### Data extracts
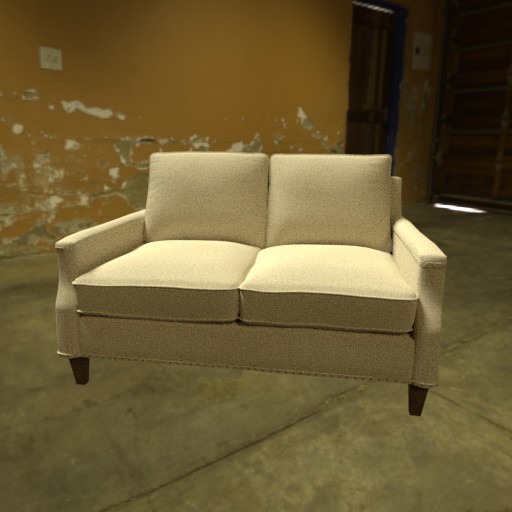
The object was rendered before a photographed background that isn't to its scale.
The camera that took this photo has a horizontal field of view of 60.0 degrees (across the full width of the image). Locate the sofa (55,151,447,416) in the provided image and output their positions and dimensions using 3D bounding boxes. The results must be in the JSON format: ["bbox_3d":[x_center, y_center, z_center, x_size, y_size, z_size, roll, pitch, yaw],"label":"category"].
[{"bbox_3d":[0.000,0.000,2.221,1.597,1.003,1.084,2,14,9],"label":"sofa"}]
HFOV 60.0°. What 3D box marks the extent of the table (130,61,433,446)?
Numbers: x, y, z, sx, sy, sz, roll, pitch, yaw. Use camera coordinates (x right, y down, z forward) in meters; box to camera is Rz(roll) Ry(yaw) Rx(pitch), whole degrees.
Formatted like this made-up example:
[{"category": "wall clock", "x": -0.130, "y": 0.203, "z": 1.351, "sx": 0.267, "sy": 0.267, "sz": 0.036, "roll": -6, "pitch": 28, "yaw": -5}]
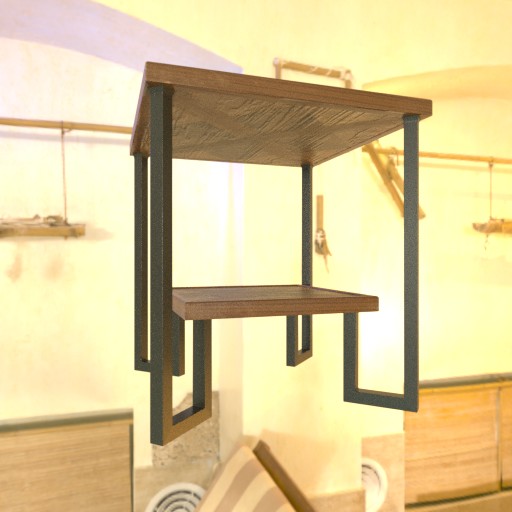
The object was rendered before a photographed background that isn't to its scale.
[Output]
[{"category": "table", "x": 0.000, "y": 0.000, "z": 0.955, "sx": 0.503, "sy": 0.563, "sz": 0.503, "roll": 0, "pitch": 0, "yaw": -18}]
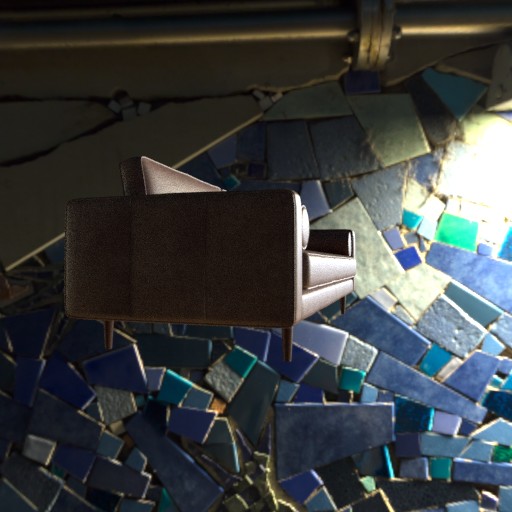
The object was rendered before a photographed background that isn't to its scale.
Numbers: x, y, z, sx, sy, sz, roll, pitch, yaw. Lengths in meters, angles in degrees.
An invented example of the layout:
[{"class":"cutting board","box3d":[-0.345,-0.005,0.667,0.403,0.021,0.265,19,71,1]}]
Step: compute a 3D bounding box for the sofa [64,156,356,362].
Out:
[{"class":"sofa","box3d":[0.000,0.000,2.384,0.910,0.760,1.870,0,-1,18]}]
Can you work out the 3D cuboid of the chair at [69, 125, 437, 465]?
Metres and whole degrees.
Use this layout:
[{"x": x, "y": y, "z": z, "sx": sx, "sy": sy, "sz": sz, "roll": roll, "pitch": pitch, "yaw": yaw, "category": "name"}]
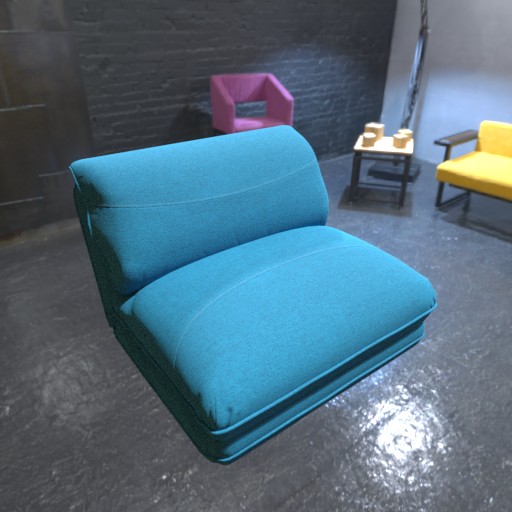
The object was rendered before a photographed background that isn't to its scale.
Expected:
[{"x": 0.000, "y": 0.000, "z": 1.315, "sx": 0.820, "sy": 0.580, "sz": 0.780, "roll": -20, "pitch": 34, "yaw": -32, "category": "chair"}]
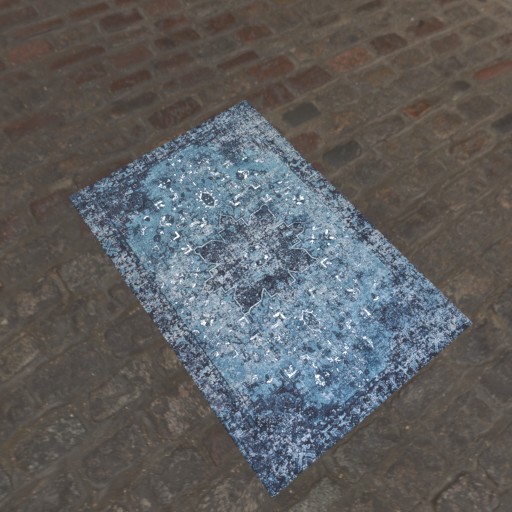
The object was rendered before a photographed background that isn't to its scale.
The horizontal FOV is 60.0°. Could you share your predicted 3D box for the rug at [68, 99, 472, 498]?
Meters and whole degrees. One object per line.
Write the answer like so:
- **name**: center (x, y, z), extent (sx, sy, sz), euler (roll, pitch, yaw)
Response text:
- **rug**: center (0.000, 0.000, 2.280), extent (1.219, 0.005, 1.828), euler (-34, 68, -16)

### Directions for this task
Print the complete listing exactly, apart from any pictures.

### Task result
The object was rendered before a photographed background that isn't to its scale.
The camera that took this photo has a horizontal field of view of 60.0 degrees (across the full width of the image). Locate the sofa (55,151,447,416) in the provided image and output their positions and dimensions using 3D bounding boxes. The results must be in the JSON format: ["bbox_3d":[x_center, y_center, z_center, x_size, y_size, z_size, roll, pitch, yaw],"label":"category"].
[{"bbox_3d":[0.000,0.000,2.221,1.597,1.003,1.084,2,14,9],"label":"sofa"}]
HFOV 60.0°. What 3D box marks the extent of the table (130,61,433,446)?
Numbers: x, y, z, sx, sy, sz, roll, pitch, yaw. Use camera coordinates (x right, y down, z forward) in meters; box to camera is Rz(roll) Ry(yaw) Rx(pitch), whole degrees.
Formatted like this made-up example:
[{"category": "wall clock", "x": -0.130, "y": 0.203, "z": 1.351, "sx": 0.267, "sy": 0.267, "sz": 0.036, "roll": -6, "pitch": 28, "yaw": -5}]
The object was rendered before a photographed background that isn't to its scale.
[Output]
[{"category": "table", "x": 0.000, "y": 0.000, "z": 0.955, "sx": 0.503, "sy": 0.563, "sz": 0.503, "roll": 0, "pitch": 0, "yaw": -18}]
The object was rendered before a photographed background that isn't to its scale.
Numbers: x, y, z, sx, sy, sz, roll, pitch, yaw. Lengths in meters, angles in degrees.
An invented example of the layout:
[{"class":"cutting board","box3d":[-0.345,-0.005,0.667,0.403,0.021,0.265,19,71,1]}]
Step: compute a 3D bounding box for the sofa [64,156,356,362].
Out:
[{"class":"sofa","box3d":[0.000,0.000,2.384,0.910,0.760,1.870,0,-1,18]}]
Can you work out the 3D cuboid of the chair at [69, 125, 437, 465]?
Metres and whole degrees.
Use this layout:
[{"x": x, "y": y, "z": z, "sx": sx, "sy": sy, "sz": sz, "roll": roll, "pitch": pitch, "yaw": yaw, "category": "name"}]
The object was rendered before a photographed background that isn't to its scale.
Expected:
[{"x": 0.000, "y": 0.000, "z": 1.315, "sx": 0.820, "sy": 0.580, "sz": 0.780, "roll": -20, "pitch": 34, "yaw": -32, "category": "chair"}]
The object was rendered before a photographed background that isn't to its scale.
The horizontal FOV is 60.0°. Could you share your predicted 3D box for the rug at [68, 99, 472, 498]?
Meters and whole degrees. One object per line.
Write the answer like so:
- **name**: center (x, y, z), extent (sx, sy, sz), euler (roll, pitch, yaw)
Response text:
- **rug**: center (0.000, 0.000, 2.280), extent (1.219, 0.005, 1.828), euler (-34, 68, -16)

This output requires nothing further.